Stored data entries
■ ■ ■ ■
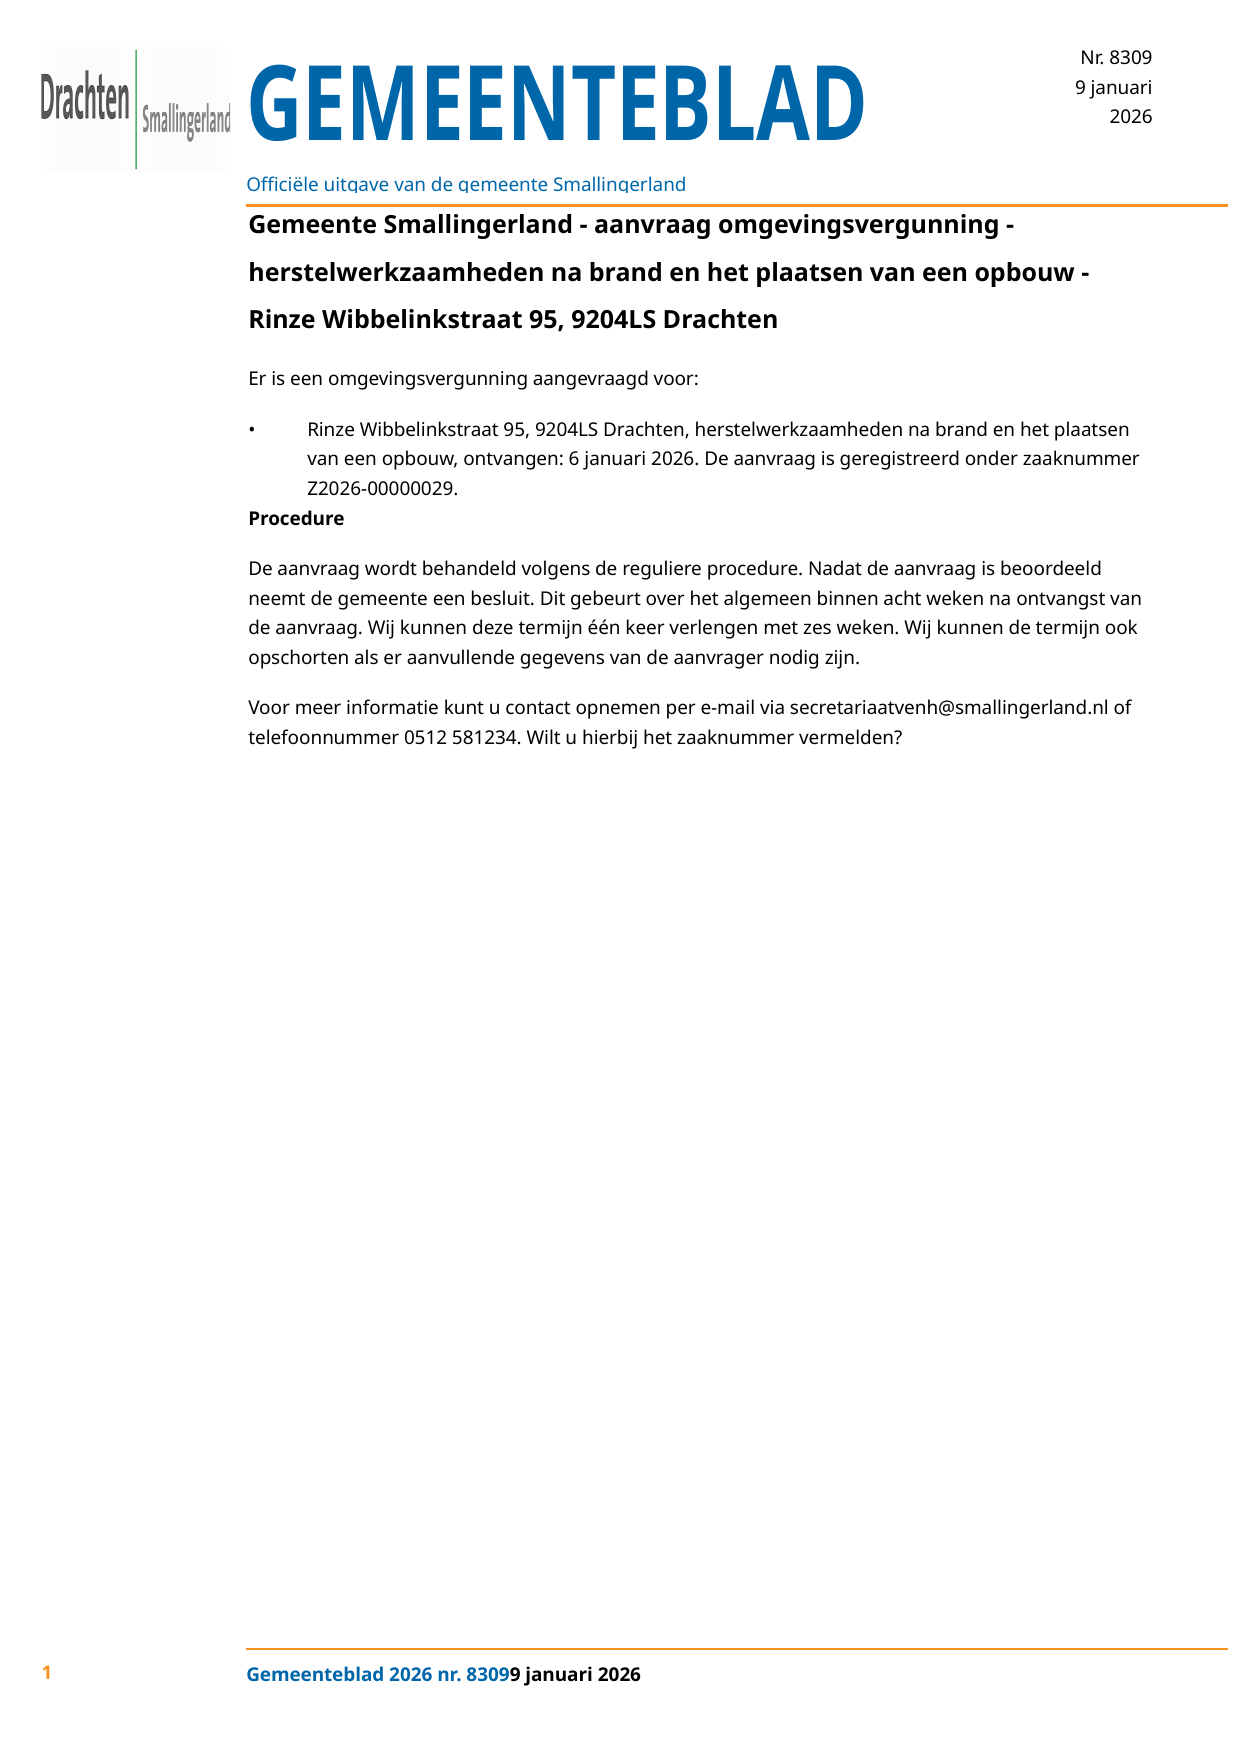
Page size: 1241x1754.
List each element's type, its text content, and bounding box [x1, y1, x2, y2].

text Voor meer informatie kunt u contact opnemen per e-mail via secretariaatvenh@smallingerland.nl of telefoonnummer 0512 581234. Wilt u hierbij het zaaknummer vermelden? [248, 694, 1152, 749]
list Rinze Wibbelinkstraat 95, 9204LS Drachten, herstelwerkzaamheden na brand en het plaatsen van een opbouw, ontvangen: 6 januari 2026. De aanvraag is geregistreerd onder zaaknummer Z2026-00000029. [248, 416, 1152, 501]
text De aanvraag wordt behandeld volgens de reguliere procedure. Nadat de aanvraag is beoordeeld neemt de gemeente een besluit. Dit gebeurt over het algemeen binnen acht weken na ontvangst van de aanvraag. Wij kunnen deze termijn één keer verlengen met zes weken. Wij kunnen de termijn ook opschorten als er aanvullende gegevens van de aanvrager nodig zijn. [248, 555, 1152, 669]
text Er is een omgevingsvergunning aangevraagd voor: [248, 366, 1152, 391]
text Procedure [248, 505, 1152, 530]
text Gemeente Smallingerland - aanvraag omgevingsvergunning - herstelwerkzaamheden na brand en het plaatsen van een opbouw - Rinze Wibbelinkstraat 95, 9204LS Drachten [248, 207, 1152, 336]
picture [41, 47, 231, 172]
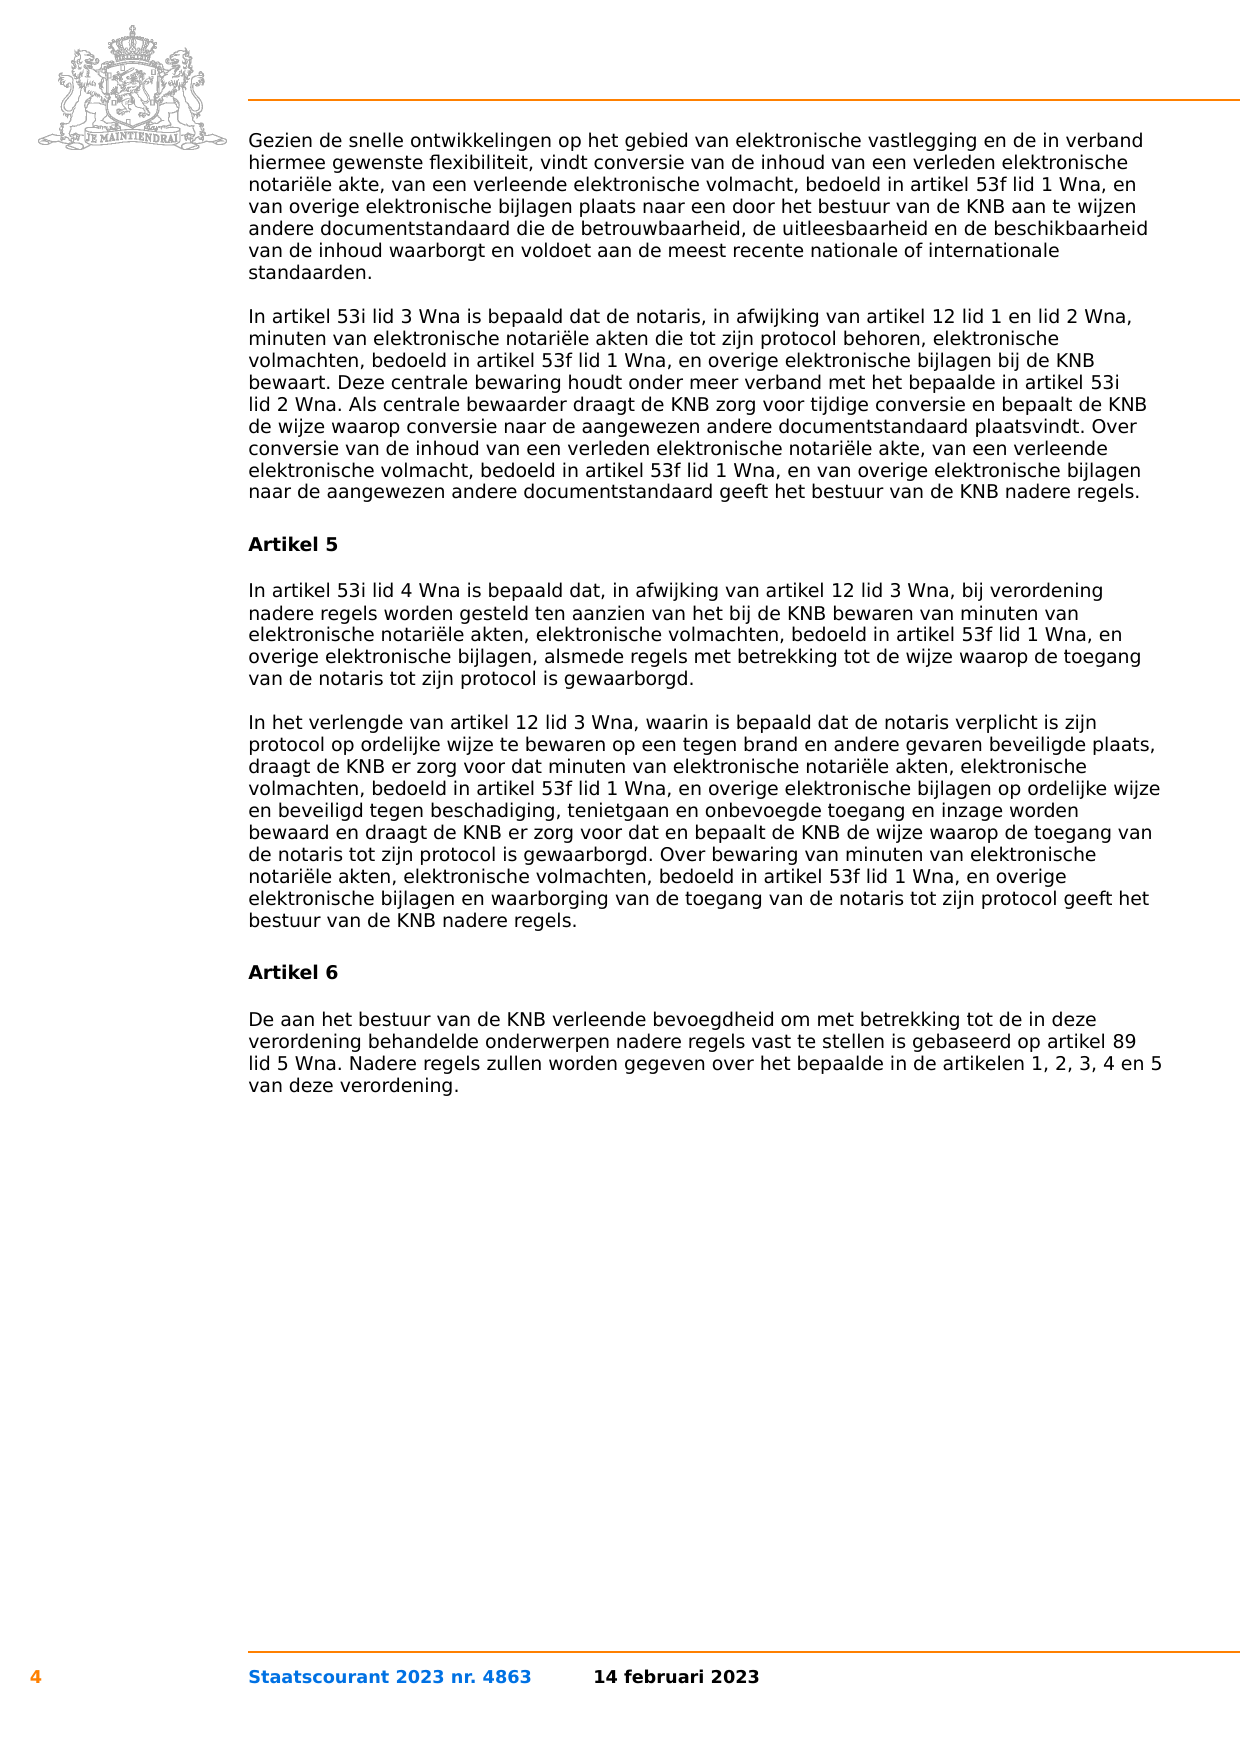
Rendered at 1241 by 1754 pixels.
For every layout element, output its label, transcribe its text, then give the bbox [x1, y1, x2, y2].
■ ■ ■ ■
Where the line containing "Rendered at 1241 by 1754 pixels." appears in the records above, begin there and print every line through the last, exactly and with nothing else.

Finished exercise:
Rendered at 1241 by 1754 pixels.
For every layout element, output its label, transcribe its text, then give the bbox [x1, y1, x2, y2].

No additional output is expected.